Only the lines below from the one containing "Target: the ballet flat [508,0,591,30]." through the one containing "- boat shoe [0,476,15,479]" belong in the answer, repeated exactly and without pictures.

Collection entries
>>>

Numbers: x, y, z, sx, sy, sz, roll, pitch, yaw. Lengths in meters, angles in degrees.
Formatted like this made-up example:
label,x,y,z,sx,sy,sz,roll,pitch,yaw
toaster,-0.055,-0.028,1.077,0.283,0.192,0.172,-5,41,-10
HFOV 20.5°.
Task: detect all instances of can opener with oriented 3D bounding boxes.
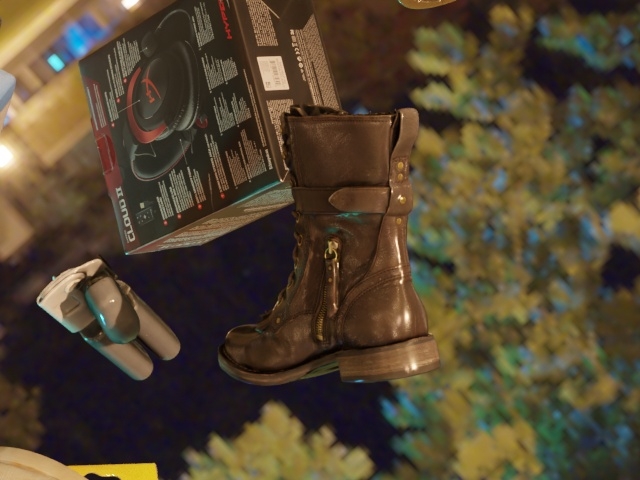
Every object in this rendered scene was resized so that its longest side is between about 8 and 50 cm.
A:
label,x,y,z,sx,sy,sz,roll,pitch,yaw
can opener,-0.205,0.089,1.780,0.074,0.093,0.280,-35,160,-1

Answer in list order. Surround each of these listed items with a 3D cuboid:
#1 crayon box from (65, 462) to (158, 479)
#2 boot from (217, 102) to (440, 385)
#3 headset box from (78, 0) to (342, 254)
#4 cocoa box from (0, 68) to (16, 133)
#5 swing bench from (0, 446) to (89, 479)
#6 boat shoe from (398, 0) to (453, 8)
label,x,y,z,sx,sy,sz,roll,pitch,yaw
crayon box,-0.302,0.465,2.413,0.081,0.202,0.318,130,-44,-52
boot,0.000,0.000,1.469,0.263,0.229,0.091,-6,-175,45
headset box,-0.119,-0.122,1.797,0.110,0.218,0.293,-7,169,-43
cocoa box,-0.447,-0.067,1.331,0.228,0.347,0.231,-62,180,42
swing bench,-0.286,0.357,1.626,0.165,0.254,0.253,-14,-153,34
boat shoe,0.181,-0.359,2.202,0.224,0.080,0.073,-34,-164,-6
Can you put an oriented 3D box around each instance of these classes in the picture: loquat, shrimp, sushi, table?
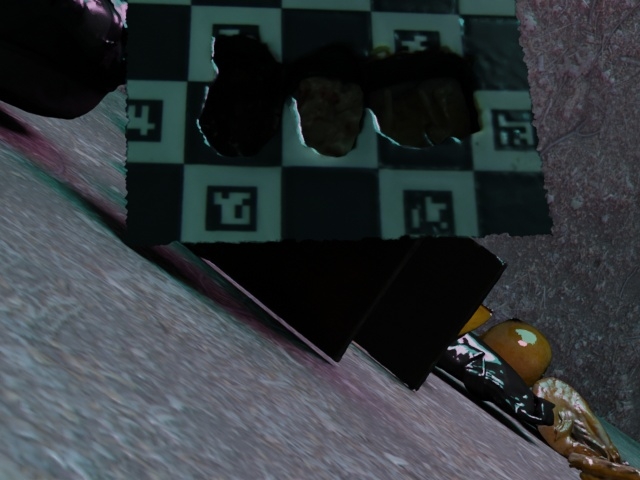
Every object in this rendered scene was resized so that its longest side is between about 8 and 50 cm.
[{"bbox_3d":[0.377,0.224,2.089,0.163,0.137,0.163,34,-16,11],"label":"loquat"},{"bbox_3d":[0.400,0.308,1.673,0.217,0.115,0.051,51,-35,6],"label":"shrimp"},{"bbox_3d":[0.007,-0.110,1.016,0.373,0.296,0.100,-1,-26,-5],"label":"sushi"},{"bbox_3d":[0.017,-0.007,1.172,0.282,0.196,0.250,37,3,29],"label":"table"}]

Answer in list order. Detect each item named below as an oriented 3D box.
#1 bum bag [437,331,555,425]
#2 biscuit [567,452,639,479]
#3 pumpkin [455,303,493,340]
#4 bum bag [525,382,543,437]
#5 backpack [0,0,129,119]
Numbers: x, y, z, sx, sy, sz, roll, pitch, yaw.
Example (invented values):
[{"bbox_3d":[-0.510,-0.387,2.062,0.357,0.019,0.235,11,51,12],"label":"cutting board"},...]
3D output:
[{"bbox_3d":[0.204,0.171,1.584,0.326,0.079,0.142,39,3,9],"label":"bum bag"},{"bbox_3d":[0.466,0.314,1.213,0.379,0.054,0.094,11,-12,28],"label":"biscuit"},{"bbox_3d":[0.095,0.100,1.439,0.278,0.111,0.163,34,-24,32],"label":"pumpkin"},{"bbox_3d":[0.361,0.286,1.730,0.198,0.049,0.087,39,9,-5],"label":"bum bag"},{"bbox_3d":[-0.359,-0.291,1.085,0.446,0.255,0.363,38,10,10],"label":"backpack"}]
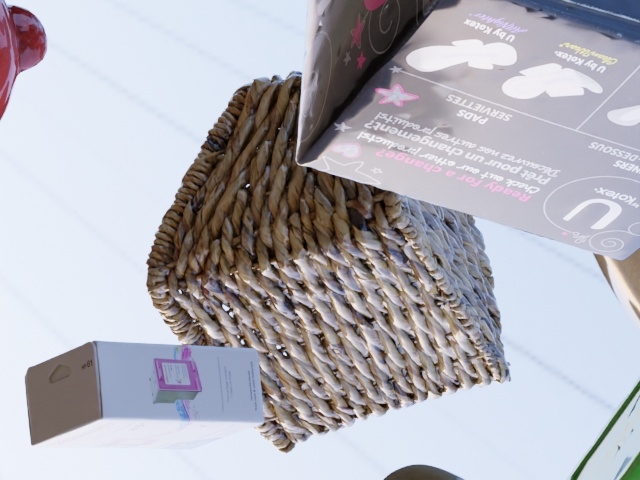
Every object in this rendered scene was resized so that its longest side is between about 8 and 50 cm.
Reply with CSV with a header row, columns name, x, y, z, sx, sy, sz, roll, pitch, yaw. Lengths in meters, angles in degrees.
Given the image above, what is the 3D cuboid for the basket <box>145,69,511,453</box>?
name,x,y,z,sx,sy,sz,roll,pitch,yaw
basket,0.000,0.000,1.639,0.223,0.299,0.213,-19,-127,15

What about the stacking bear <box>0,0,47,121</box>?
name,x,y,z,sx,sy,sz,roll,pitch,yaw
stacking bear,-0.222,-0.014,0.778,0.289,0.175,0.164,-57,167,-37

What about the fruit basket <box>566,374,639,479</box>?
name,x,y,z,sx,sy,sz,roll,pitch,yaw
fruit basket,0.447,0.280,1.924,0.283,0.392,0.392,-68,-177,-55

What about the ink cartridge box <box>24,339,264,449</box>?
name,x,y,z,sx,sy,sz,roll,pitch,yaw
ink cartridge box,-0.111,0.098,1.246,0.088,0.122,0.052,-25,-115,49

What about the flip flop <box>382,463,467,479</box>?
name,x,y,z,sx,sy,sz,roll,pitch,yaw
flip flop,0.131,0.230,1.424,0.277,0.080,0.112,24,-97,41

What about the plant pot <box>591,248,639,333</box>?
name,x,y,z,sx,sy,sz,roll,pitch,yaw
plant pot,0.283,-0.007,1.203,0.284,0.284,0.191,27,-56,57

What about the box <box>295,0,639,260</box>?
name,x,y,z,sx,sy,sz,roll,pitch,yaw
box,0.090,-0.142,0.826,0.142,0.163,0.247,131,-31,-51
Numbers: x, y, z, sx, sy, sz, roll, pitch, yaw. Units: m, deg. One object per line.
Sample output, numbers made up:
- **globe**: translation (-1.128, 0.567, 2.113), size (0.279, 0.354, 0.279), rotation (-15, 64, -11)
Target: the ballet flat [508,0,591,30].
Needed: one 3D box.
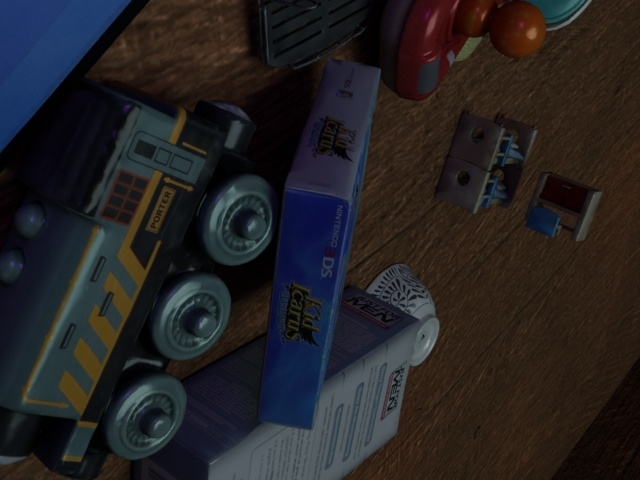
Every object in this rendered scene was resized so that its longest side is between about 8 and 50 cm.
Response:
- **ballet flat**: translation (0.308, -0.452, 1.073), size (0.139, 0.139, 0.400), rotation (-13, 119, -53)

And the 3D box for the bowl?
- **bowl**: translation (0.112, 0.124, 1.257), size (0.170, 0.080, 0.170), rotation (-36, 139, -39)

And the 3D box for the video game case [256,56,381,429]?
- **video game case**: translation (0.000, 0.000, 0.870), size (0.244, 0.061, 0.269), rotation (-78, 177, -54)

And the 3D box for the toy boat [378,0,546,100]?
- **toy boat**: translation (0.170, -0.244, 0.970), size (0.231, 0.151, 0.151), rotation (-57, 163, -22)

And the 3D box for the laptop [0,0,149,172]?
- **laptop**: translation (-0.191, -0.099, 0.475), size (0.136, 0.264, 0.234), rotation (39, 104, -22)

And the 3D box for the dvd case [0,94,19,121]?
- **dvd case**: translation (-0.219, -0.205, 0.540), size (0.179, 0.029, 0.239), rotation (-58, 150, -11)

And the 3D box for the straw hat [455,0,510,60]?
- **straw hat**: translation (0.209, -0.281, 1.117), size (0.144, 0.061, 0.144), rotation (-37, 141, -37)

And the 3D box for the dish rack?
- **dish rack**: translation (0.018, -0.287, 0.802), size (0.208, 0.074, 0.271), rotation (-36, 140, -38)

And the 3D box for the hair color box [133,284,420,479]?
- **hair color box**: translation (-0.042, 0.212, 1.050), size (0.374, 0.113, 0.185), rotation (-25, 133, -47)

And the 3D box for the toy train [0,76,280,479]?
- **toy train**: translation (-0.168, 0.030, 0.707), size (0.190, 0.142, 0.334), rotation (22, 95, -48)

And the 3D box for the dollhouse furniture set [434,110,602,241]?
- **dollhouse furniture set**: translation (0.284, -0.090, 1.256), size (0.129, 0.183, 0.129), rotation (-8, 119, -55)
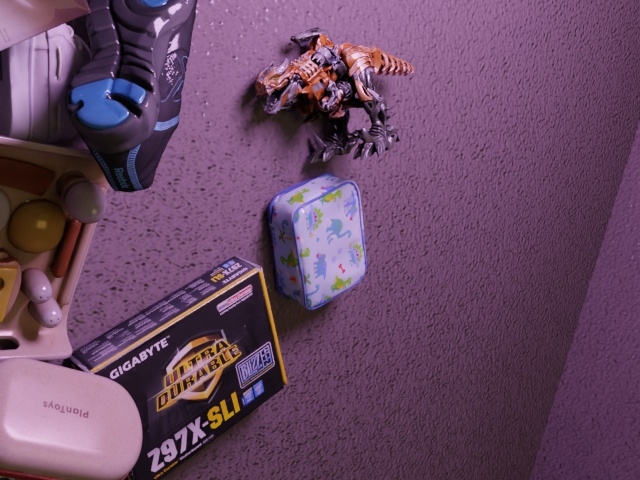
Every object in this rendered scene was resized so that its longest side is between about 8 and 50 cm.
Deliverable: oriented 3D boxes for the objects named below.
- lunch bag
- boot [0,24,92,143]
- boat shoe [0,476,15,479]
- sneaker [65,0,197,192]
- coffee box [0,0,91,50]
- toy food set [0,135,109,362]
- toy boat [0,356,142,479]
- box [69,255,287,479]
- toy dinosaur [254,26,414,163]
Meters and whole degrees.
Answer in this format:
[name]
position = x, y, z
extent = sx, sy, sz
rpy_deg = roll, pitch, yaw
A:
[lunch bag]
position = 0.000, 0.000, 1.295
extent = 0.176, 0.090, 0.219
rpy_deg = -30, 126, -33
[boot]
position = -0.329, -0.242, 0.872
extent = 0.123, 0.095, 0.259
rpy_deg = -16, 126, -48
[boat shoe]
position = -0.513, 0.400, 0.932
extent = 0.302, 0.094, 0.109
rpy_deg = -58, 137, -11
[sneaker]
position = -0.226, -0.214, 0.899
extent = 0.140, 0.124, 0.341
rpy_deg = 90, 6, -53
[coffee box]
position = -0.371, -0.242, 0.691
extent = 0.246, 0.098, 0.141
rpy_deg = -33, 128, -20
[toy food set]
position = -0.368, 0.018, 0.894
extent = 0.219, 0.092, 0.306
rpy_deg = 5, 115, -46
[toy boat]
position = -0.356, 0.259, 0.956
extent = 0.231, 0.151, 0.151
rpy_deg = 24, 130, -32
[box]
position = -0.213, 0.212, 1.177
extent = 0.322, 0.079, 0.257
rpy_deg = -31, 128, -33
[toy dinosaur]
position = 0.044, -0.249, 1.206
extent = 0.321, 0.164, 0.219
rpy_deg = -18, 104, -16
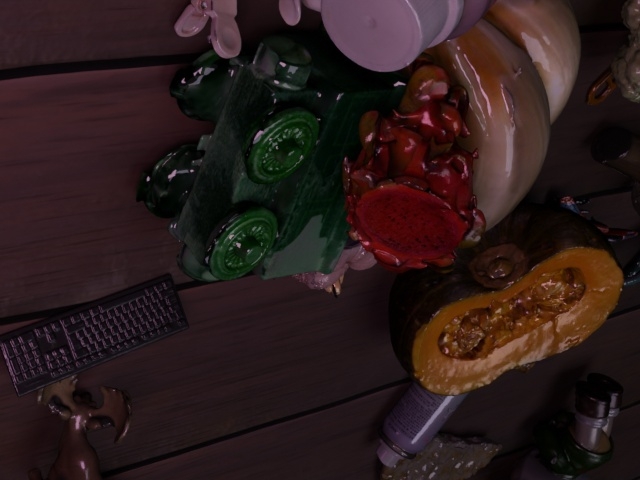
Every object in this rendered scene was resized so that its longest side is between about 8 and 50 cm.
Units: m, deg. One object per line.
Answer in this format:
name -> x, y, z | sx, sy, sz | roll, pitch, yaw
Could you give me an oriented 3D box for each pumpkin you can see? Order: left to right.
pumpkin -> 0.237, 0.089, 1.687 | 0.317, 0.139, 0.222 | -25, 132, -13

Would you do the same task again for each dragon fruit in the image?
dragon fruit -> 0.088, -0.070, 1.184 | 0.133, 0.150, 0.208 | 5, 95, -3

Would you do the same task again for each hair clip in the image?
hair clip -> -0.062, -0.263, 1.110 | 0.034, 0.072, 0.226 | -3, 126, -49

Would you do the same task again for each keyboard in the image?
keyboard -> -0.230, 0.096, 1.323 | 0.202, 0.011, 0.067 | -21, 96, -32

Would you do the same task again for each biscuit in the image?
biscuit -> 0.173, 0.359, 2.032 | 0.289, 0.038, 0.141 | 16, 114, -51

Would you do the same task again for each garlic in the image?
garlic -> 0.154, -0.147, 1.371 | 0.249, 0.286, 0.313 | 0, 132, 4

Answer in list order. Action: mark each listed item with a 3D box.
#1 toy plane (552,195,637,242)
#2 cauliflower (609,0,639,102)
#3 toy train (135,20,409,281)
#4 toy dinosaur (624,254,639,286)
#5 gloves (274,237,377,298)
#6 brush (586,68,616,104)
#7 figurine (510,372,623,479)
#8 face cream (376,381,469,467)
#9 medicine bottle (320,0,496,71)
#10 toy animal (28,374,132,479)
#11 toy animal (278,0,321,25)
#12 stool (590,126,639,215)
toy plane -> 0.365, -0.014, 1.818 | 0.189, 0.061, 0.130 | -5, 129, -27
cauliflower -> 0.498, -0.278, 1.520 | 0.260, 0.281, 0.327 | 32, 98, -27
toy train -> -0.052, -0.081, 1.247 | 0.202, 0.145, 0.266 | -10, 133, -45
toy dinosaur -> 0.630, -0.047, 2.070 | 0.383, 0.129, 0.331 | 16, 103, -51
gloves -> 0.008, -0.005, 1.432 | 0.110, 0.094, 0.144 | -13, 151, -32
brush -> 0.463, -0.291, 1.690 | 0.314, 0.017, 0.090 | -45, 146, 0
figurine -> 0.421, 0.404, 2.238 | 0.281, 0.167, 0.370 | -20, 135, -54
face cream -> 0.160, 0.231, 1.854 | 0.229, 0.075, 0.075 | -52, 145, 11
medicine bottle -> 0.104, -0.259, 1.166 | 0.247, 0.147, 0.147 | -50, 154, -37
toy animal -> -0.252, 0.237, 1.368 | 0.093, 0.214, 0.186 | -12, 165, -28
toy animal -> -0.018, -0.268, 1.154 | 0.071, 0.085, 0.124 | -32, 153, -50
stool -> 0.580, -0.122, 1.738 | 0.310, 0.310, 0.226 | -49, 142, 4
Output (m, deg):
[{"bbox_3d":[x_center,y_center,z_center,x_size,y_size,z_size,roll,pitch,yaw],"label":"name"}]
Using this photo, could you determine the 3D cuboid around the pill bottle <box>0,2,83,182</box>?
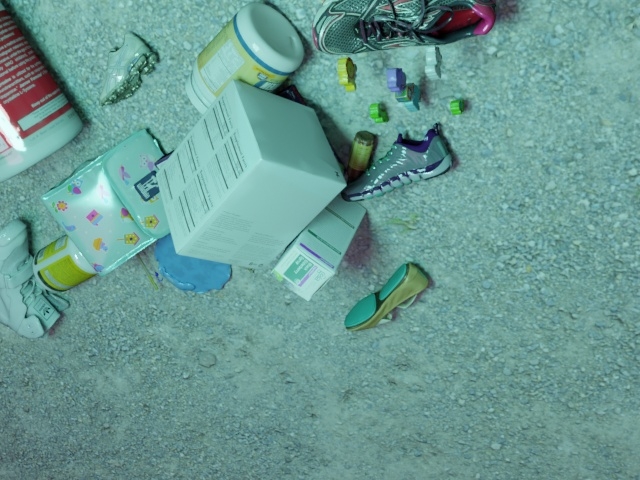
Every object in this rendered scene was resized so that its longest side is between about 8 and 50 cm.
[{"bbox_3d":[-0.686,-0.339,1.607,0.229,0.229,0.407,-19,113,30],"label":"pill bottle"}]

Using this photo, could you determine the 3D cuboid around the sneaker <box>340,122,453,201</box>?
[{"bbox_3d":[0.134,-0.147,1.512,0.224,0.083,0.098,-19,103,15],"label":"sneaker"}]

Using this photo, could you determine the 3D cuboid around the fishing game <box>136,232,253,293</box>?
[{"bbox_3d":[-0.289,0.045,1.825,0.264,0.041,0.189,-14,123,22],"label":"fishing game"}]

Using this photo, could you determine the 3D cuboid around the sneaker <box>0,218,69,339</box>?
[{"bbox_3d":[-0.731,0.109,1.981,0.210,0.137,0.366,33,132,-2],"label":"sneaker"}]

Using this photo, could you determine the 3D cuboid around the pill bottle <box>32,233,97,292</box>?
[{"bbox_3d":[-0.570,0.037,1.877,0.209,0.119,0.119,-24,110,33],"label":"pill bottle"}]

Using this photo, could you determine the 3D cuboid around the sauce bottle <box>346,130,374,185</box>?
[{"bbox_3d":[0.073,-0.151,1.553,0.042,0.042,0.128,21,130,7],"label":"sauce bottle"}]

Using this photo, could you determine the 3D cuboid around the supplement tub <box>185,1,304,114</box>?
[{"bbox_3d":[-0.142,-0.320,1.461,0.144,0.144,0.200,45,126,-11],"label":"supplement tub"}]

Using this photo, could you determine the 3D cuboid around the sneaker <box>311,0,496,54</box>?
[{"bbox_3d":[0.132,-0.361,1.283,0.299,0.112,0.120,-13,137,6],"label":"sneaker"}]

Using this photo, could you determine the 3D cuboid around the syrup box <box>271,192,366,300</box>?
[{"bbox_3d":[0.000,0.000,1.556,0.096,0.237,0.093,37,128,-5],"label":"syrup box"}]

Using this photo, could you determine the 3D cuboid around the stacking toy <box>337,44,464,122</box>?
[{"bbox_3d":[0.145,-0.265,1.382,0.167,0.052,0.221,-2,166,24],"label":"stacking toy"}]

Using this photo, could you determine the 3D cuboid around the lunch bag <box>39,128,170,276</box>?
[{"bbox_3d":[-0.421,-0.087,1.710,0.262,0.160,0.223,-31,105,7],"label":"lunch bag"}]

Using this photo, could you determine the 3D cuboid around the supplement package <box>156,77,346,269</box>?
[{"bbox_3d":[-0.132,-0.111,1.448,0.199,0.198,0.263,13,134,-42],"label":"supplement package"}]

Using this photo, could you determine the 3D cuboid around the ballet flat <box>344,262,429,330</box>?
[{"bbox_3d":[0.142,0.137,1.695,0.073,0.080,0.232,30,130,-18],"label":"ballet flat"}]

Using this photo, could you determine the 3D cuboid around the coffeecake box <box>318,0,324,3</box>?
[{"bbox_3d":[0.070,-0.468,1.328,0.142,0.068,0.185,34,127,-4],"label":"coffeecake box"}]

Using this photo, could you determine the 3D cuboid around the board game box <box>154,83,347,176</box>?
[{"bbox_3d":[-0.145,-0.149,1.616,0.347,0.056,0.208,-23,107,26],"label":"board game box"}]

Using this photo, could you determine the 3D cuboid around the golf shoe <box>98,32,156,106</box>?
[{"bbox_3d":[-0.402,-0.344,1.610,0.176,0.069,0.086,-38,83,32],"label":"golf shoe"}]
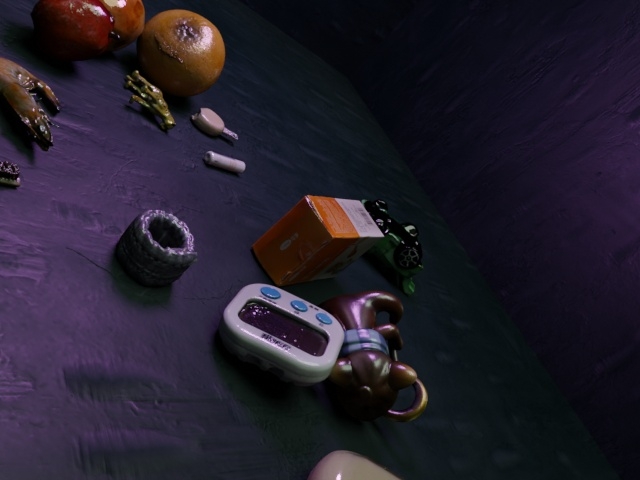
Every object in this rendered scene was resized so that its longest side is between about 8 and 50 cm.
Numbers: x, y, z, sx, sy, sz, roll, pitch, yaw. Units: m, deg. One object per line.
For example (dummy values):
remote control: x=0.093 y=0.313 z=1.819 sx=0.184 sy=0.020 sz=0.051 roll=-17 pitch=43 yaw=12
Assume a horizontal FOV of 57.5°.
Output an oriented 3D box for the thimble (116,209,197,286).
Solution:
thimble: x=-0.334 y=0.014 z=1.196 sx=0.150 sy=0.098 sz=0.150 roll=37 pitch=25 yaw=-20

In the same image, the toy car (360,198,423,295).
toy car: x=0.254 y=0.013 z=2.140 sx=0.358 sy=0.176 sz=0.213 roll=38 pitch=24 yaw=-13

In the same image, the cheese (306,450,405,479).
cheese: x=0.078 y=0.522 z=1.068 sx=0.266 sy=0.127 sz=0.233 roll=36 pitch=29 yaw=-20

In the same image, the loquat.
loquat: x=-0.425 y=-0.570 z=1.779 sx=0.263 sy=0.263 sz=0.263 roll=38 pitch=25 yaw=-21

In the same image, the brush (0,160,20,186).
brush: x=-0.632 y=-0.134 z=0.992 sx=0.248 sy=0.036 sz=0.043 roll=10 pitch=39 yaw=-55

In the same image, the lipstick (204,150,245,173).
lipstick: x=-0.287 y=-0.234 z=1.746 sx=0.141 sy=0.040 sz=0.040 roll=11 pitch=42 yaw=-53

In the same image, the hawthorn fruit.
hawthorn fruit: x=-0.606 y=-0.535 z=1.462 sx=0.202 sy=0.185 sz=0.185 roll=9 pitch=34 yaw=-11

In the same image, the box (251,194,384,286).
box: x=0.000 y=0.000 z=1.636 sx=0.143 sy=0.225 sz=0.341 roll=56 pitch=24 yaw=17

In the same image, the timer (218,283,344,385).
timer: x=-0.084 y=0.202 z=1.271 sx=0.262 sy=0.087 sz=0.237 roll=25 pitch=26 yaw=4

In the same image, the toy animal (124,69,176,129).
toy animal: x=-0.483 y=-0.403 z=1.660 sx=0.136 sy=0.073 sz=0.181 roll=36 pitch=12 yaw=-44

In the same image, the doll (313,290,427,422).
doll: x=0.103 y=0.281 z=1.447 sx=0.318 sy=0.209 sz=0.340 roll=4 pitch=36 yaw=-13

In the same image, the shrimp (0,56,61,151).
shrimp: x=-0.613 y=-0.291 z=1.260 sx=0.296 sy=0.058 sz=0.169 roll=51 pitch=21 yaw=18

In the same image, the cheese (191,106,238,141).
cheese: x=-0.337 y=-0.371 z=1.868 sx=0.171 sy=0.047 sz=0.092 roll=12 pitch=44 yaw=-53

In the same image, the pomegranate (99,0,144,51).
pomegranate: x=-0.605 y=-0.644 z=1.630 sx=0.215 sy=0.215 sz=0.215 roll=38 pitch=25 yaw=-21
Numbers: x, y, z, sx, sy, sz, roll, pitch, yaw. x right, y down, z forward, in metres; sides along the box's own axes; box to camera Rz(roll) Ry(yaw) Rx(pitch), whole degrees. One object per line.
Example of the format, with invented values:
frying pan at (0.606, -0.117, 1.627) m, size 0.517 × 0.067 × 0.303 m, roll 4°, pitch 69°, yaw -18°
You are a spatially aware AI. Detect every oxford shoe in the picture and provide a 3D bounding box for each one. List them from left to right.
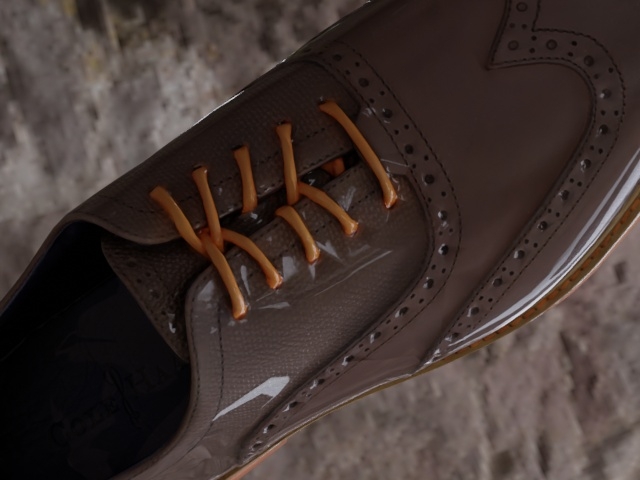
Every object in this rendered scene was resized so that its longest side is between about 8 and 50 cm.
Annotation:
oxford shoe at (0.000, 0.000, 0.583) m, size 0.364 × 0.133 × 0.130 m, roll -42°, pitch -101°, yaw 15°
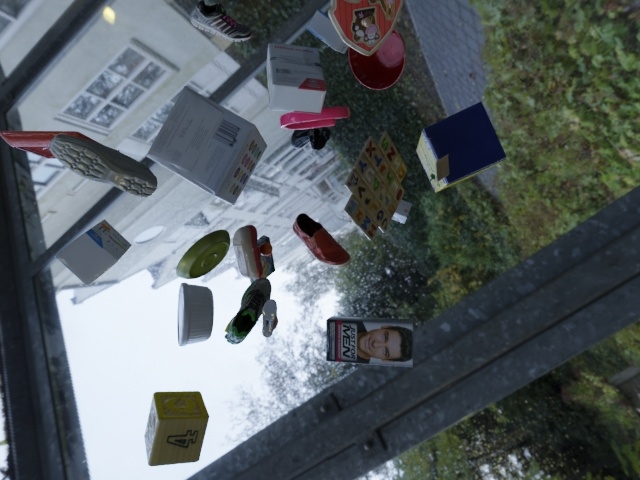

<<<

YOUR RESPONSE:
Target: the ballet flat [508,0,591,30].
Needed: one 3D box.
Every object in this rendered scene was resized so that its longest side is between about 8 and 50 cm.
Response:
- **ballet flat**: translation (0.308, -0.452, 1.073), size (0.139, 0.139, 0.400), rotation (-13, 119, -53)

And the 3D box for the bowl?
- **bowl**: translation (0.112, 0.124, 1.257), size (0.170, 0.080, 0.170), rotation (-36, 139, -39)

And the 3D box for the video game case [256,56,381,429]?
- **video game case**: translation (0.000, 0.000, 0.870), size (0.244, 0.061, 0.269), rotation (-78, 177, -54)

And the 3D box for the toy boat [378,0,546,100]?
- **toy boat**: translation (0.170, -0.244, 0.970), size (0.231, 0.151, 0.151), rotation (-57, 163, -22)

And the 3D box for the laptop [0,0,149,172]?
- **laptop**: translation (-0.191, -0.099, 0.475), size (0.136, 0.264, 0.234), rotation (39, 104, -22)

And the 3D box for the dvd case [0,94,19,121]?
- **dvd case**: translation (-0.219, -0.205, 0.540), size (0.179, 0.029, 0.239), rotation (-58, 150, -11)

And the 3D box for the straw hat [455,0,510,60]?
- **straw hat**: translation (0.209, -0.281, 1.117), size (0.144, 0.061, 0.144), rotation (-37, 141, -37)

And the 3D box for the dish rack?
- **dish rack**: translation (0.018, -0.287, 0.802), size (0.208, 0.074, 0.271), rotation (-36, 140, -38)

And the 3D box for the hair color box [133,284,420,479]?
- **hair color box**: translation (-0.042, 0.212, 1.050), size (0.374, 0.113, 0.185), rotation (-25, 133, -47)

And the 3D box for the toy train [0,76,280,479]?
- **toy train**: translation (-0.168, 0.030, 0.707), size (0.190, 0.142, 0.334), rotation (22, 95, -48)

And the 3D box for the dollhouse furniture set [434,110,602,241]?
- **dollhouse furniture set**: translation (0.284, -0.090, 1.256), size (0.129, 0.183, 0.129), rotation (-8, 119, -55)
Every object in this rendered scene was resized so that its longest side is between about 8 and 50 cm.
Deliverable: oriented 3D boxes for the objects named below.
- lunch bag
- boot [0,24,92,143]
- boat shoe [0,476,15,479]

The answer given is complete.